Friday, 17 February 2017

Cover Story

I thought I might spend a short blogpost talking about how a book cover gets designed. It's particularly of interest to me at the moment as I'm just going through the design and discussion stage for the cover of my next book A Murder To Die For.

Perhaps the best way to look at the process - or at least how I engage with it - is to look at one of my previous books. In 2013 Constable Colgan's Connectoscope was published by Unbound in hardback and paperback editions.The book is a collection of fascinating facts all interconnected and gathered into 'Rounds'. Each Round (or chapter) starts with a fact which links to the next and to the next and to the next and so on until the last fact comes full circle and joins up with the first. It means that each chapter is a single circular journey. The fact that I used to be a police officer was latched upon by the publisher who suggested the book title (it had been called Connect-O-Rama) and that I write a new foreword describing how my mind works - finding facts, checking them, collating them, connecting them - and how that had been useful in both my career as a cop and as a writer for the TV show QI.

When discussions began about cover design, I had the idea of depicting the Connectoscope as some kind of machine. By coincidence, the art director also liked the idea. I brought sketches I'd done. And, just for the crack, I knocked up a painting too.




 None of them were quite right for the book of course - just me doodling ideas. But once we had a concept and the talk turned to artists, one name jumped out at us: Tom Gauld. I'd been a big fan of his work for years. I love his cartoons in The Guardian and I had his books Goliath and The Gigantic Robot. Here's some of his work.





There's a delicious business to his work that we loved (you can see more of his book covers here).
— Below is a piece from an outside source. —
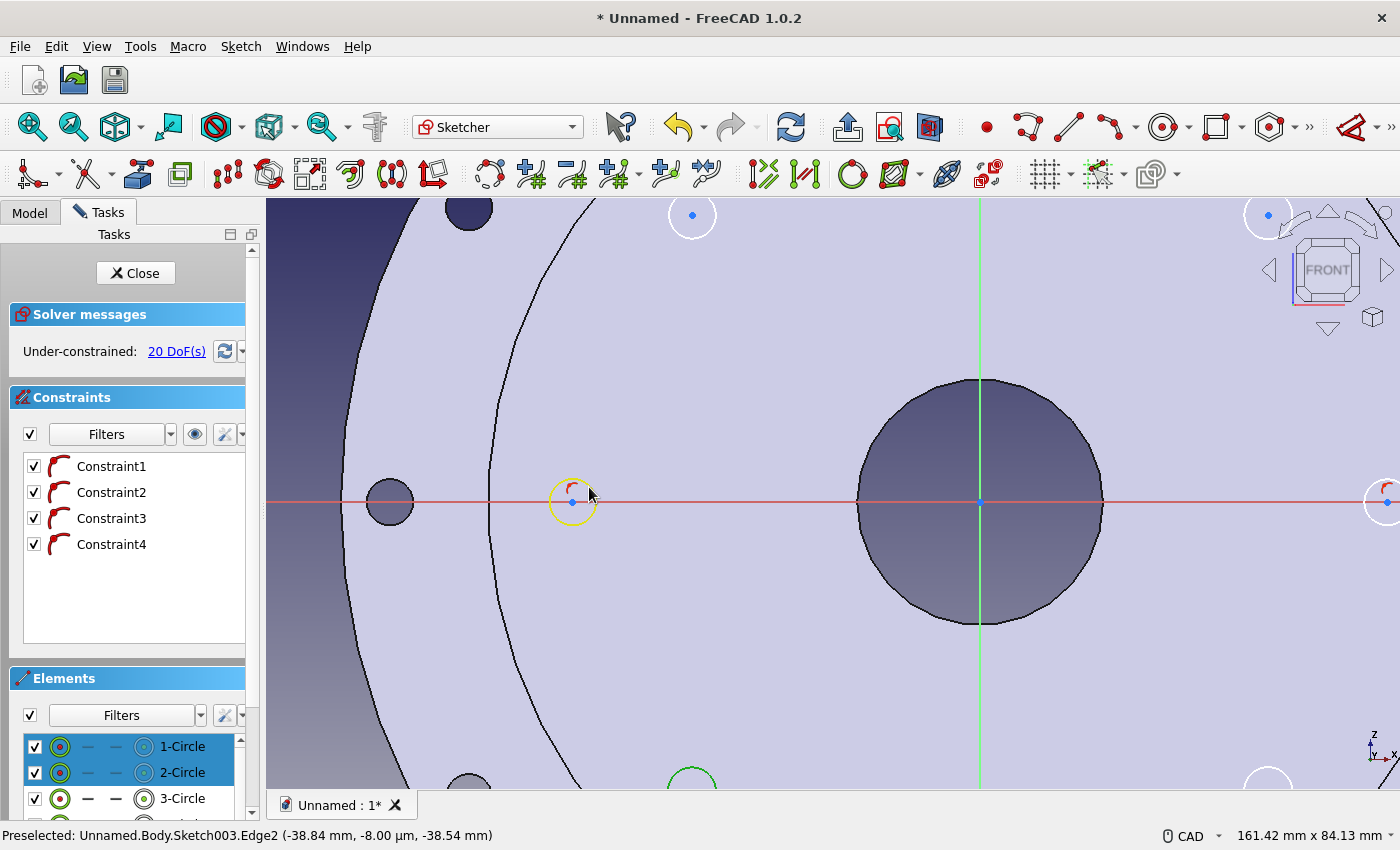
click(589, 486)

Plus, he's really good at robots and steampunkish machines. So, off went the brief from the art director:


And what came back was just glorious. 


And, barring a few small tweaks - the green light was given. The final cover was as good as anything I'd dared hope for.
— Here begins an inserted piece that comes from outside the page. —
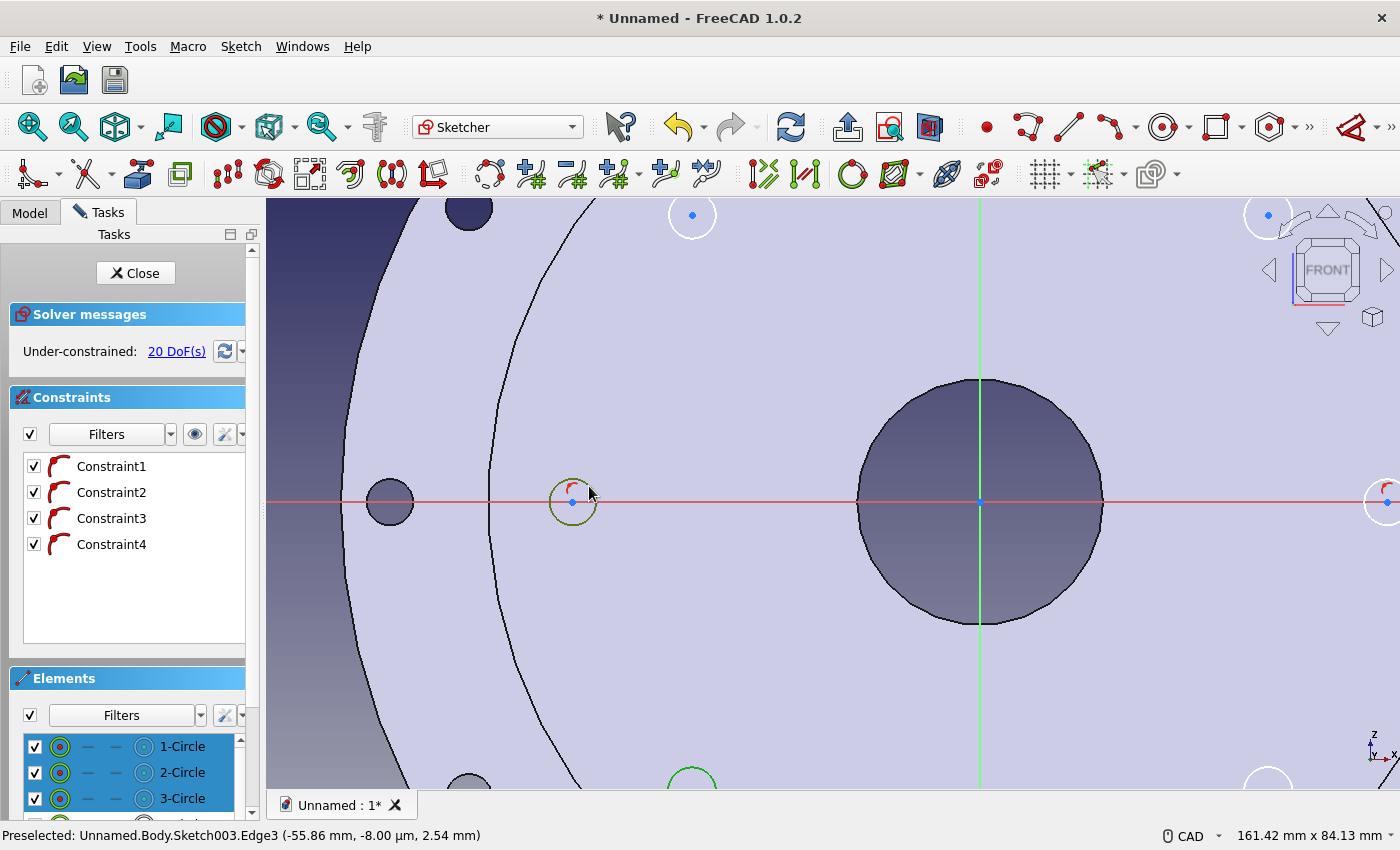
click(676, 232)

So there you go! It may well be a very different process for some authors but, for me, as someone who has a strong sense for the visual, it was a case of discussion, concession and ideas sharing. And what I got from it was a beautiful, fantastic cover. And I got to thank Tom personally when we went up at Gosh! Comics in London for the launch of his (then) new book You're All Just Jealous Of My Jetpack.


Now I'm looking forward to the next book and a whole new cover to love.